When all the sliding windows are finished, I will use the indexes list I created
to extract the x and y values of the pixels and then fit a a line with polyfit function
using those values.
This procedure is coded from line #87 to line #188 in line.py
As this sliding window is a quite slow process and then a line does not change
that much from frame to frame, I will used the last found values of x in order
to fit next frame. (from line #191 to line #220 in line.py
).
Every (5 frames (but works also for 20)) I will start again sliding windows in order not to introduce additional error.
The radius of curvature is calculated in lines between #257 and #274 in lines.py
The method was clearly explained during the lesson, so this code was taken from
lessons.
In lines #70 to #72 of the warper.py
I transformed back the image in order
to have an area that could be overlapped to the original image.
The green area is the one incuded by the lines found.
My model is really far from being robust.
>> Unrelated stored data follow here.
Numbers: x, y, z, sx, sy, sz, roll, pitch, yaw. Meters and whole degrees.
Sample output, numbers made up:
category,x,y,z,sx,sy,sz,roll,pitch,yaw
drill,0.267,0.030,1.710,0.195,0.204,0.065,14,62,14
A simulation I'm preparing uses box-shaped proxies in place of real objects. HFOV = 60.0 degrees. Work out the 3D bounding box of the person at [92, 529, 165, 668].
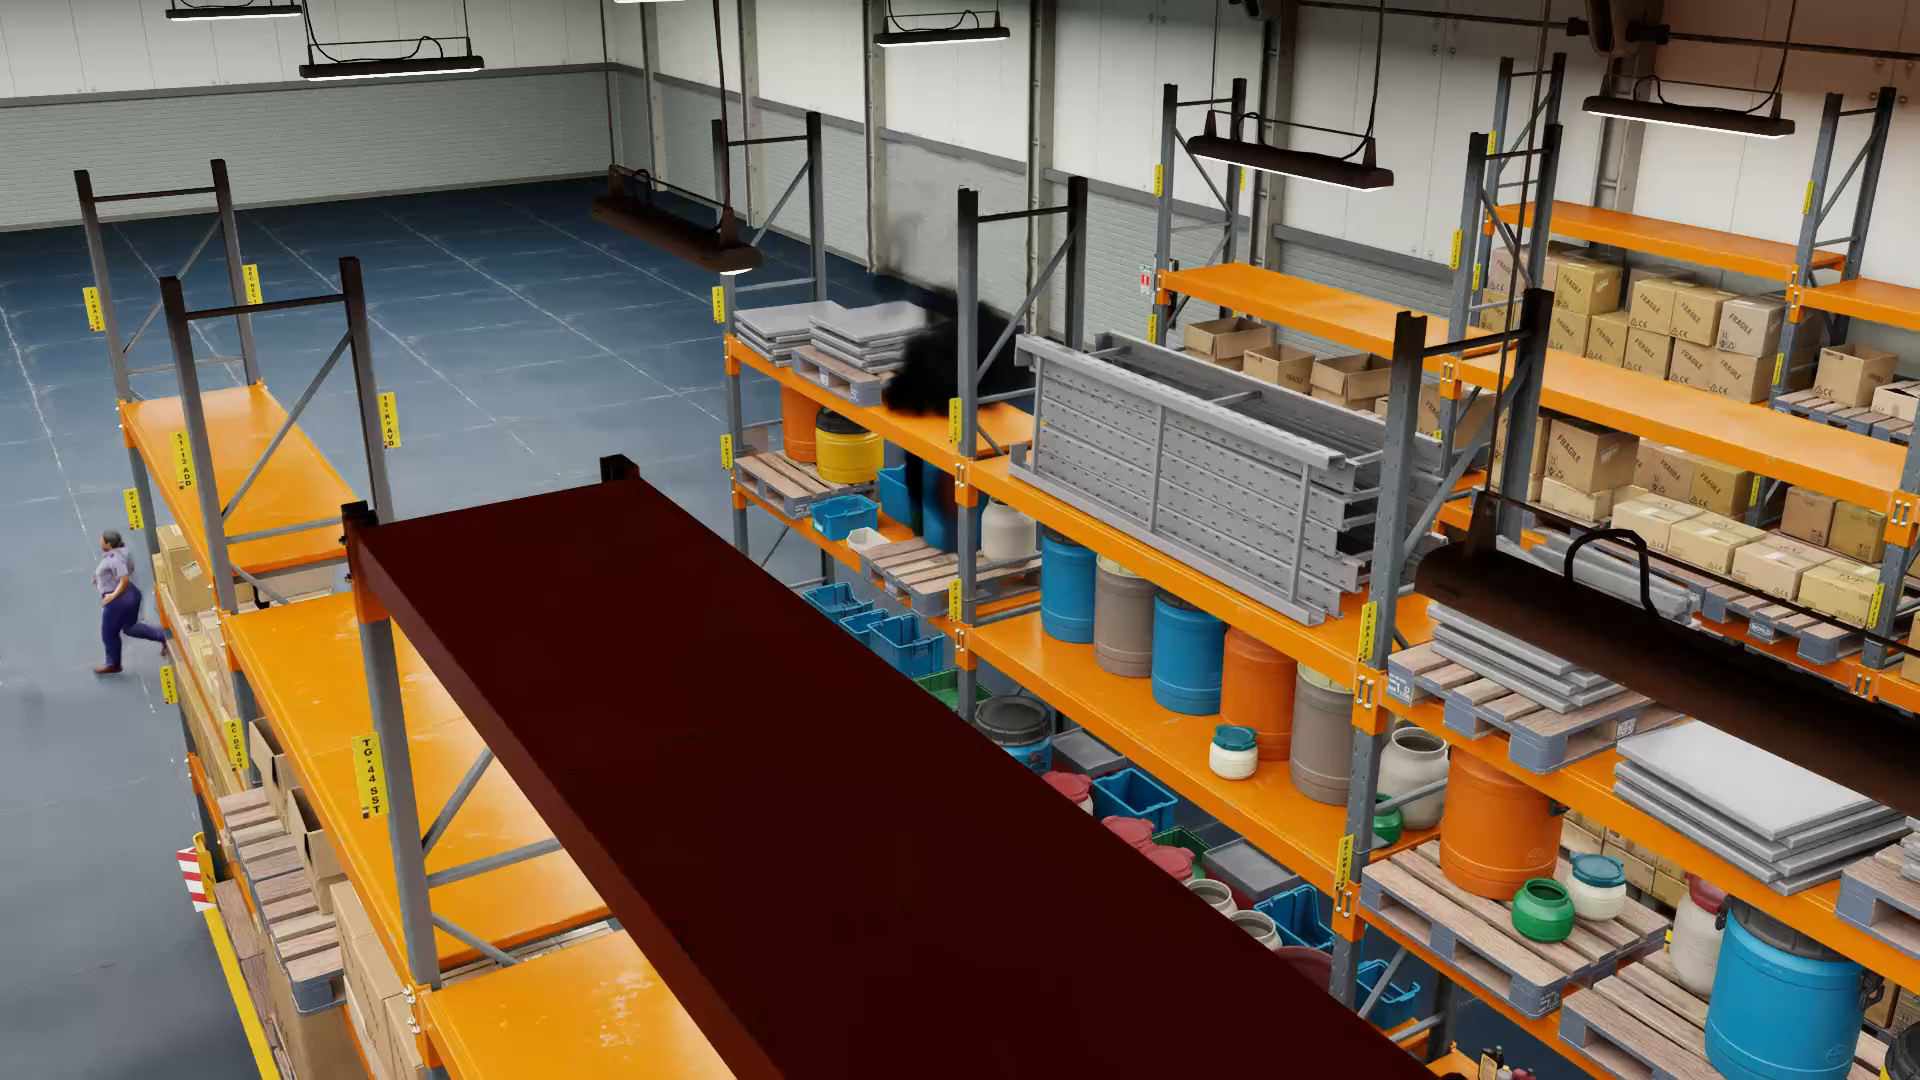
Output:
category,x,y,z,sx,sy,sz,roll,pitch,yaw
person,-8.816,0.623,17.572,0.716,1.550,0.609,-3,22,-7

No validation mechanism has been used. Different light conditions make it very likely to fail, as I tried it too on the more difficult videos and does not perform well at all.
- While implementing this I first had problem with camera calibration... why different chessboard with different size were given? Just to make us think or was a mistake? I think that if I have to calibrate my camera (i.e. my phone camera) I will be very careful in taking pictures to the chess board...at least all the chessboard has the same number of corners.
- Second problem: Finding points to do perspective transformmation... they were detected by trial and error so no a specific method were used. I think this should be improved as points may be can be changed also while using different images.
- Thresholding...I tried to use different color spaces to find the lines. As we see in the lesson there are more "robust" color spaces then other. But sometimes thei fail too.
- Annotating the video: The procedure to find how many pixels corrisponds to 1 meter is a caracteristic of the image and the space between lines is decided by regulation of the country where the image is taken...so the code cannot be reused without changes.